Forest Bathing: Shinrin-yoku Can boost Immunity, reduce stress & elevate your mood

You don’t need to take off your clothes or use soap or water for that matter. Forest bathing isn’t a bath – it’s a sensory immersion. Forest bathing isn’t a hike, it’s a meander.

Taking a Forrest Dip by Peggy

The idea is to go slow and let yourself take in nature – the sights, smells and sounds of the forest – notice things you might ordinarily miss.  It’s a meditation which helps clear your brain, and see your surroundings with fresh eyes. 

The practice began in Japan. Back in the early 1990s the Japanese Ministry of Agriculture, Forestry and Fisheries coined the term Shinrin-yoku — which translates roughly as forest bathing.
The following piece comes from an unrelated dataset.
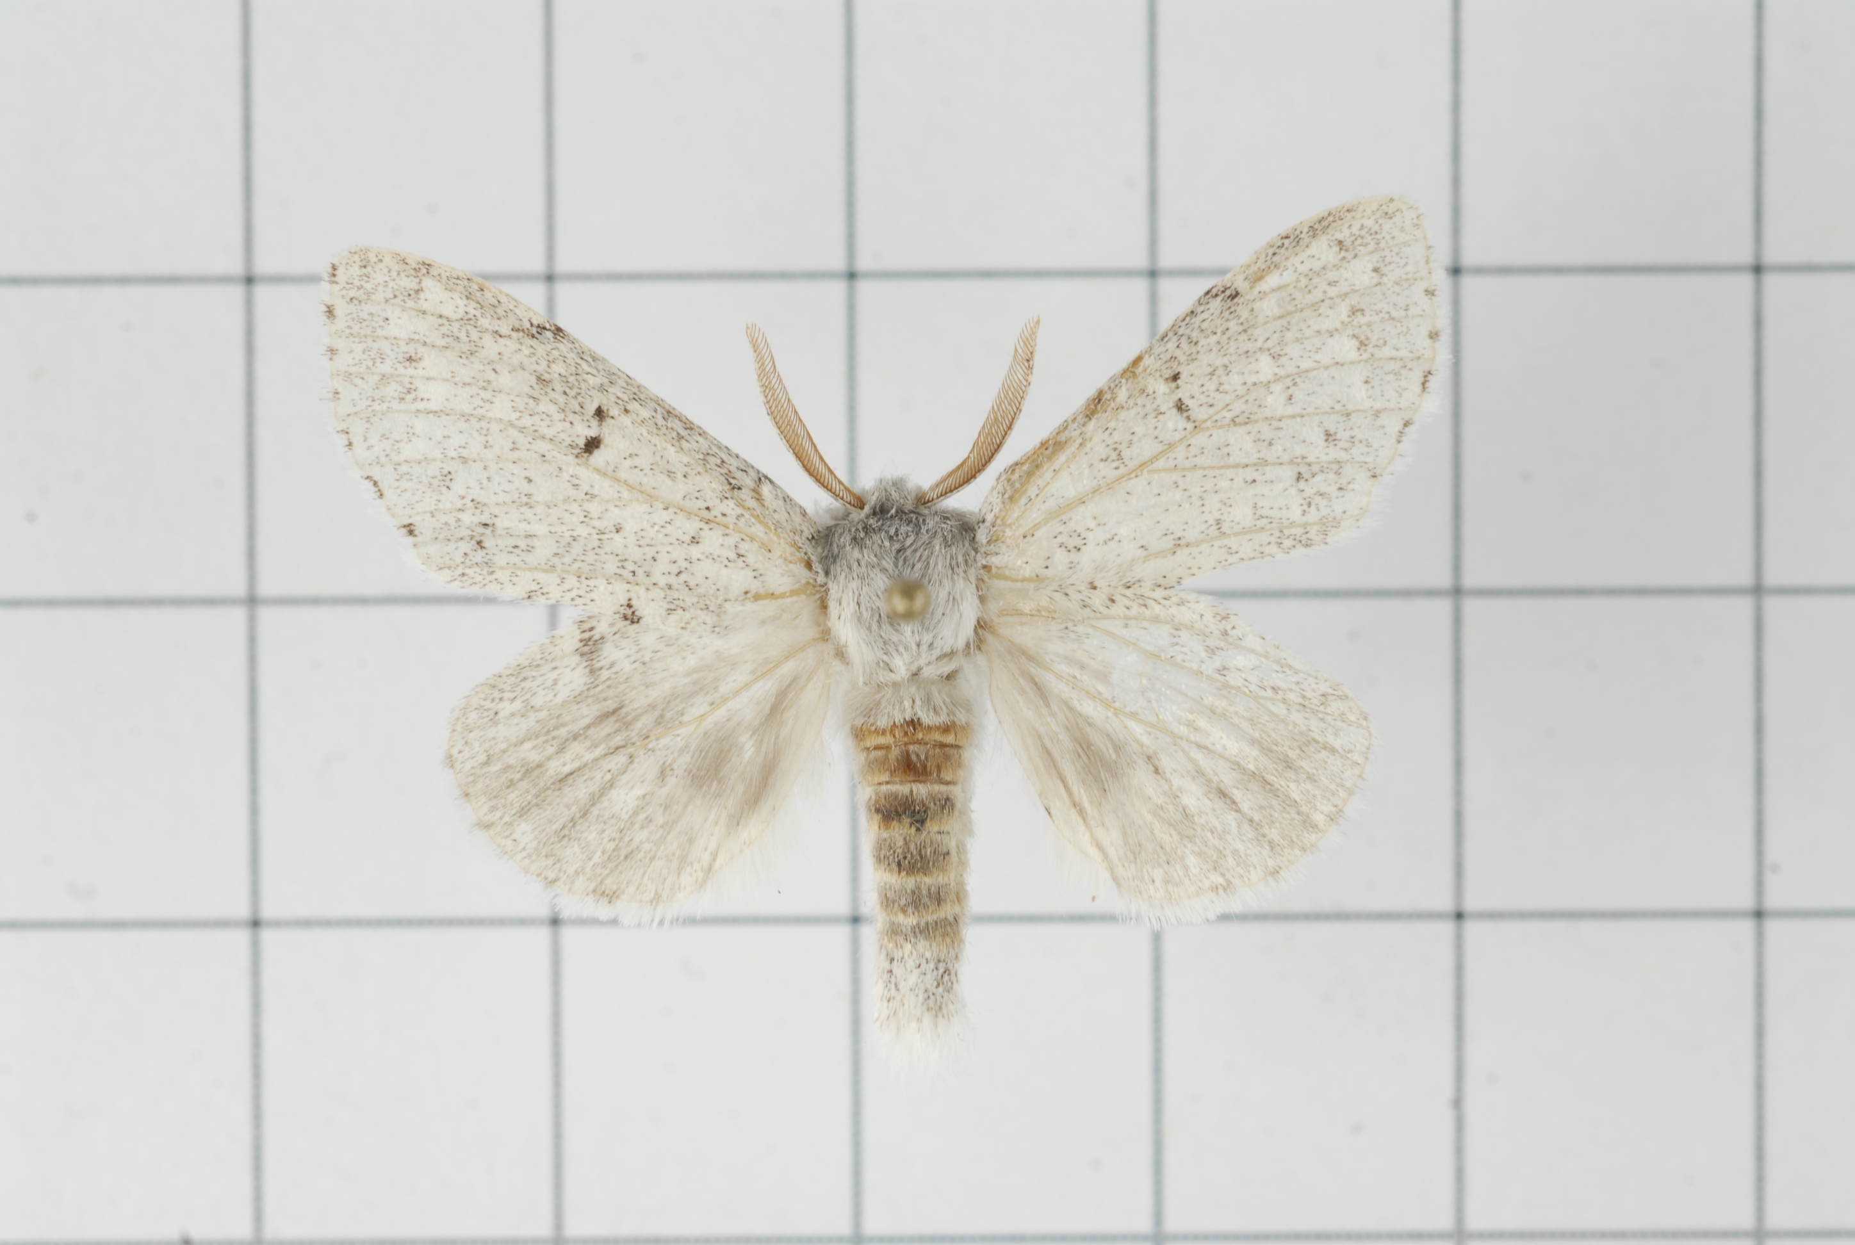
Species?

“There’s a growing body of evidence that the practice can help boost immunity and mood and help reduce stress. “Medical researchers in Japan have studied forest bathing and have demonstrated several benefits to our health,” says Philip Barr, a physician who specializes in integrative medicine at Duke University.”

One study published in 2011 compared the effects of walking in the city to taking a forest walk. Both activities required the same amount of physical activity, but researchers found that the forest environment led to more significant reductions in blood pressure and certain stress hormones.

“Researchers were able to document a decrease in blood pressure among forest bathers. As people begin to relax, parasympathetic nerve activity increases — which can lead to a drop in blood pressure.”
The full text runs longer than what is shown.